#### [Requirement]
Below are the records; return every line from the one that contains "This view is 60.0° wide. Get" to the last, exactly, skipping the pictures.

=== Data records ===

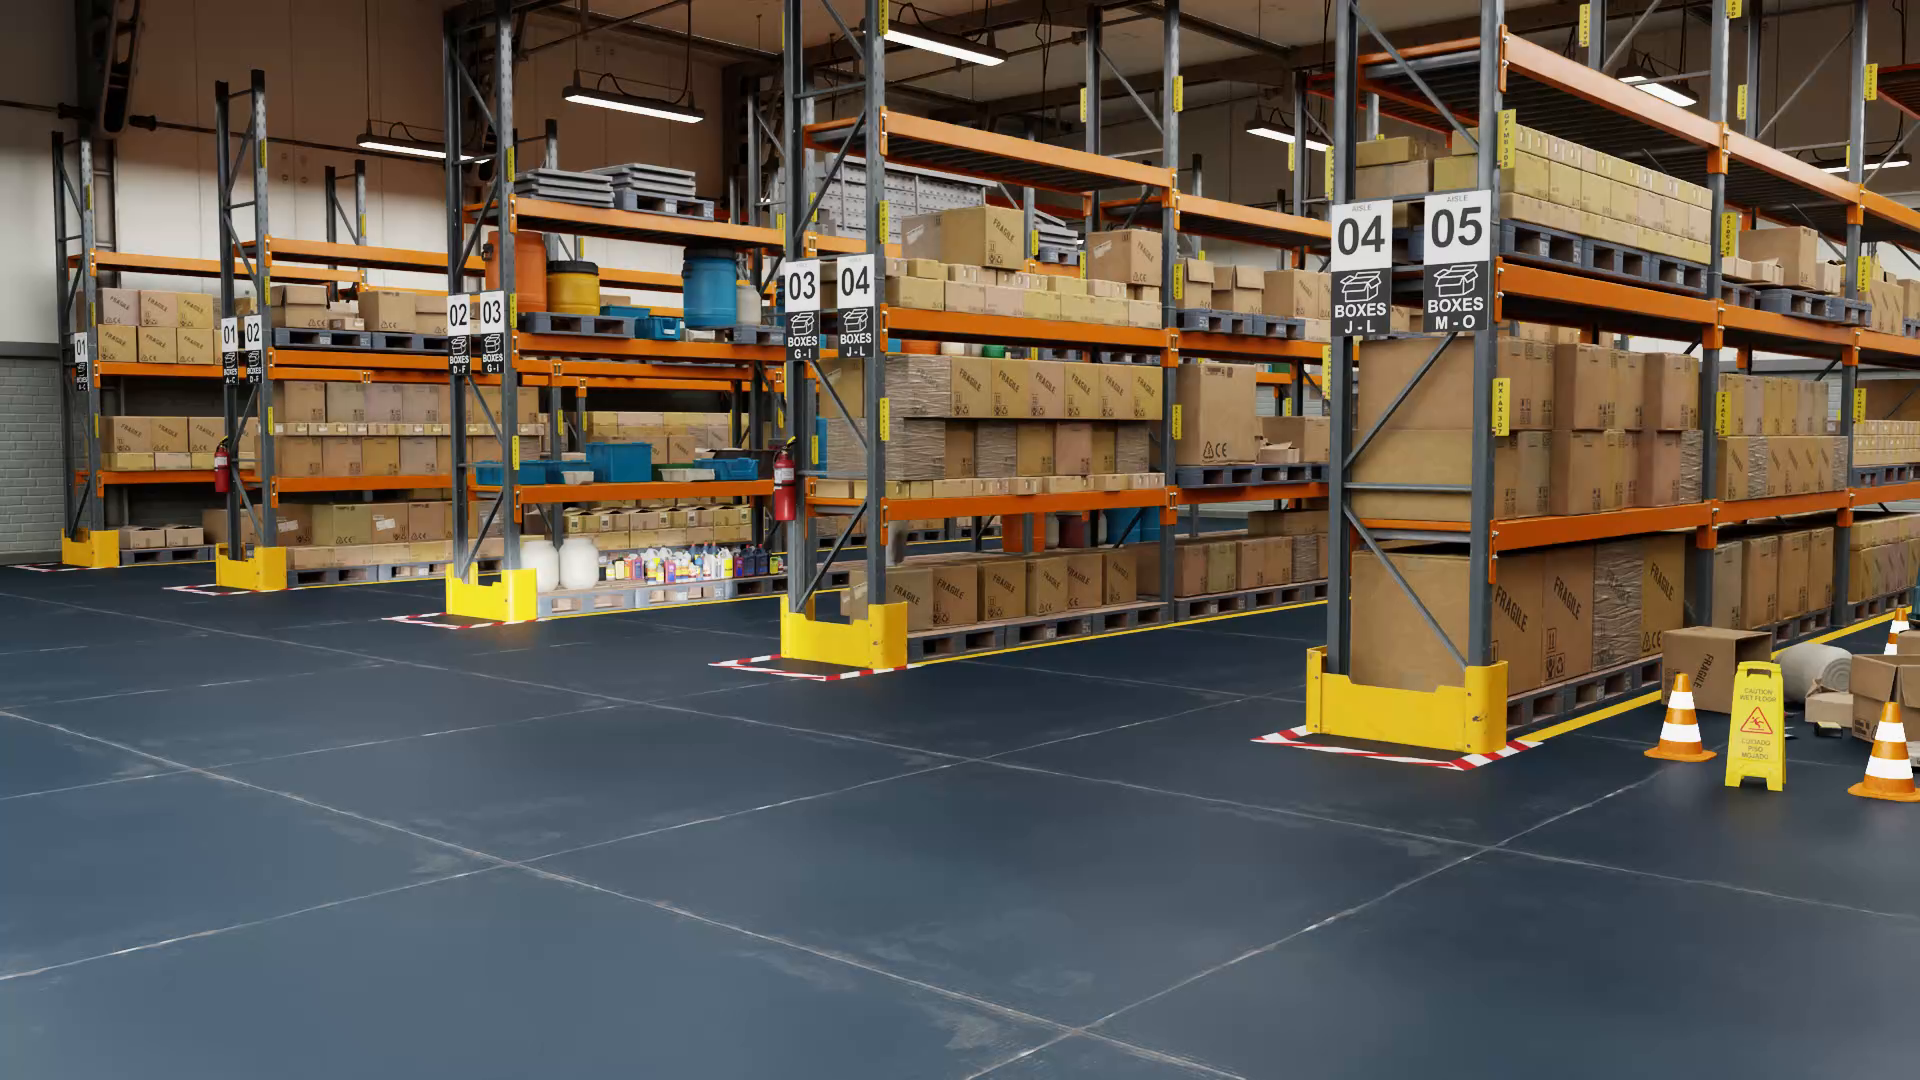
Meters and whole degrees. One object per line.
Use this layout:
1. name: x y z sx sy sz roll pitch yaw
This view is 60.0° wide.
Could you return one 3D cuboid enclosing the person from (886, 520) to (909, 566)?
1. person: -0.678 -0.032 16.386 0.467 1.686 0.440 3 5 42
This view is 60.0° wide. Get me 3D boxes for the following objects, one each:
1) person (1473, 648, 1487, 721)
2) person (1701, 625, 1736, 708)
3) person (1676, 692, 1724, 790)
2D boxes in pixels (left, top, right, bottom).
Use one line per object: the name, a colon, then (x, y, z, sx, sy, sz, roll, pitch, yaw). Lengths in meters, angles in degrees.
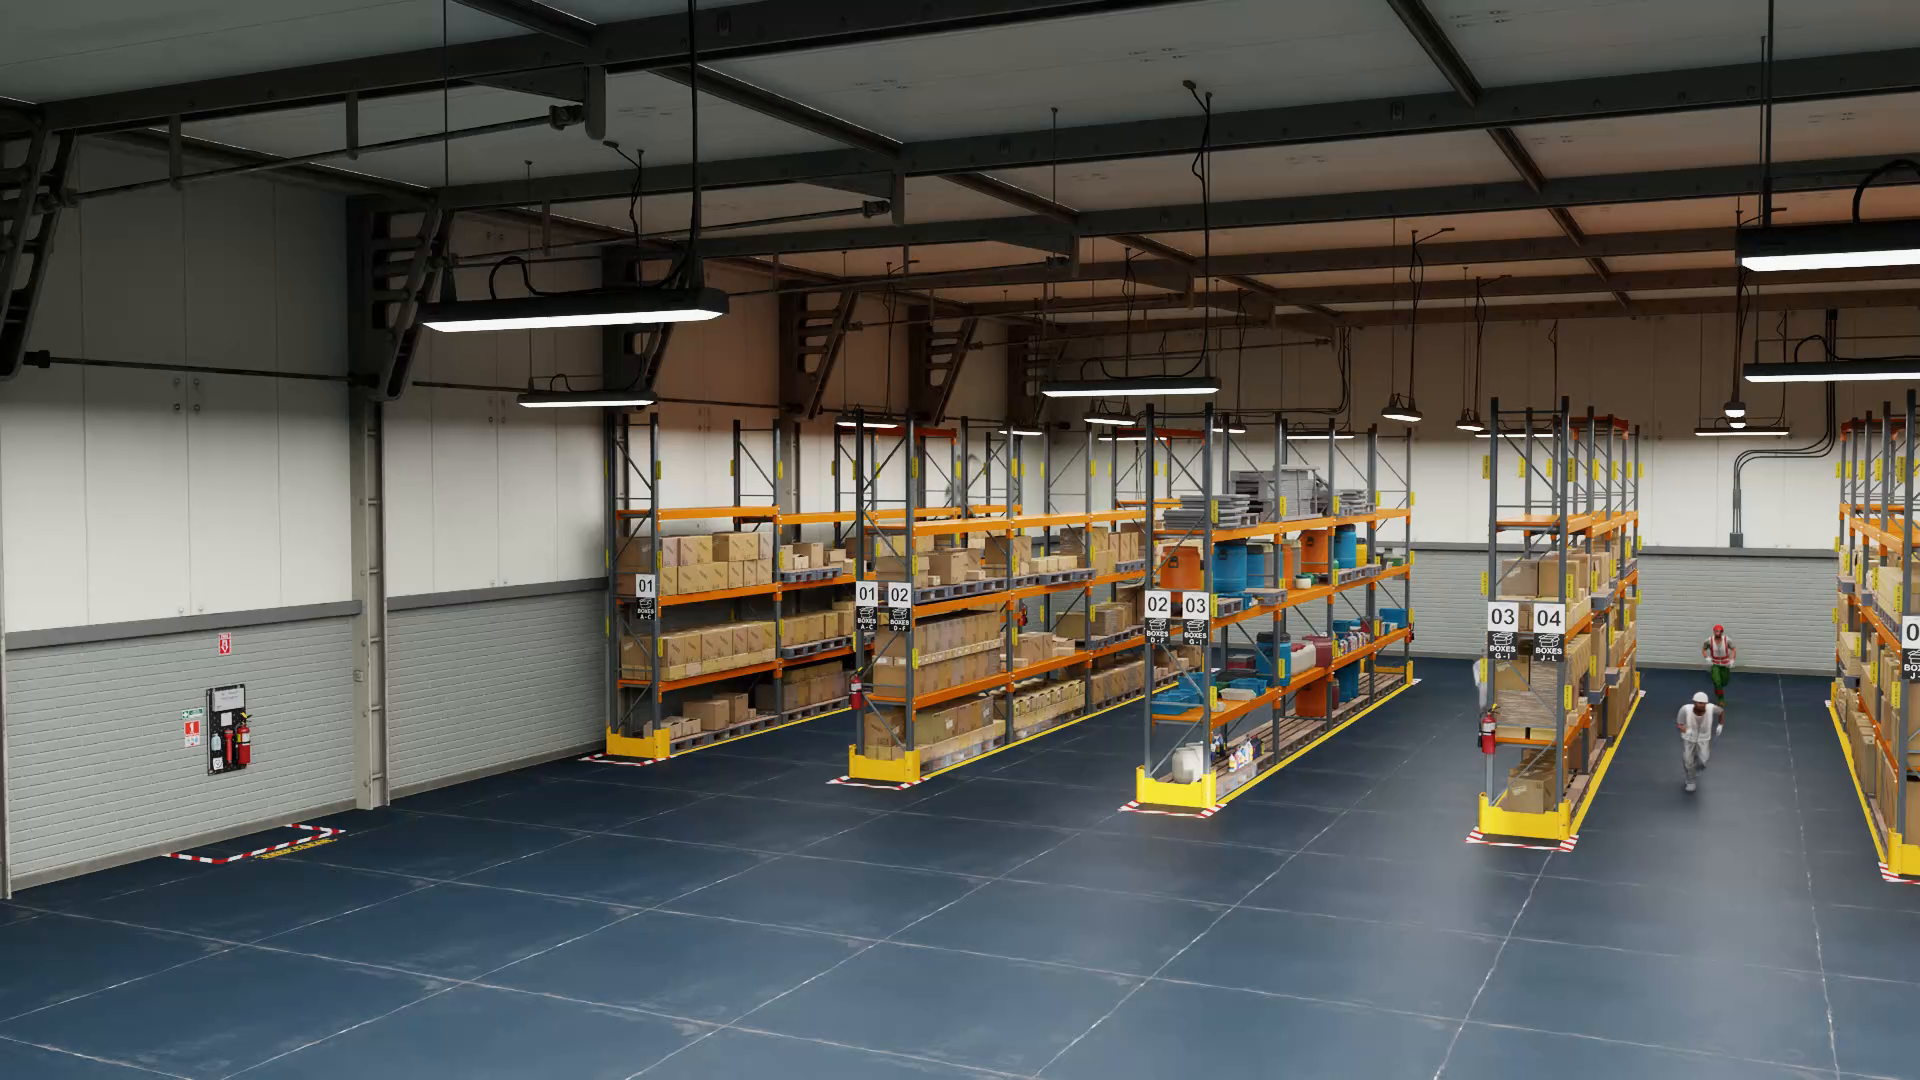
person: (9.999, 2.859, 31.409, 0.615, 1.694, 1.010, 1, 3, 22)
person: (16.140, 2.665, 35.394, 0.671, 1.761, 0.864, 1, 3, 18)
person: (11.436, 3.120, 25.685, 0.716, 1.601, 0.854, 1, 2, 14)

===

#### [Exercise result]
This view is 60.0° wide. Get me 3D boxes for the following objects, one each:
1) person (1473, 648, 1487, 721)
2) person (1701, 625, 1736, 708)
3) person (1676, 692, 1724, 790)
2D boxes in pixels (left, top, right, bottom).
Use one line per object: the name, a colon, then (x, y, z, sx, sy, sz, roll, pitch, yaw). Lengths in meters, angles in degrees.
person: (9.999, 2.859, 31.409, 0.615, 1.694, 1.010, 1, 3, 22)
person: (16.140, 2.665, 35.394, 0.671, 1.761, 0.864, 1, 3, 18)
person: (11.436, 3.120, 25.685, 0.716, 1.601, 0.854, 1, 2, 14)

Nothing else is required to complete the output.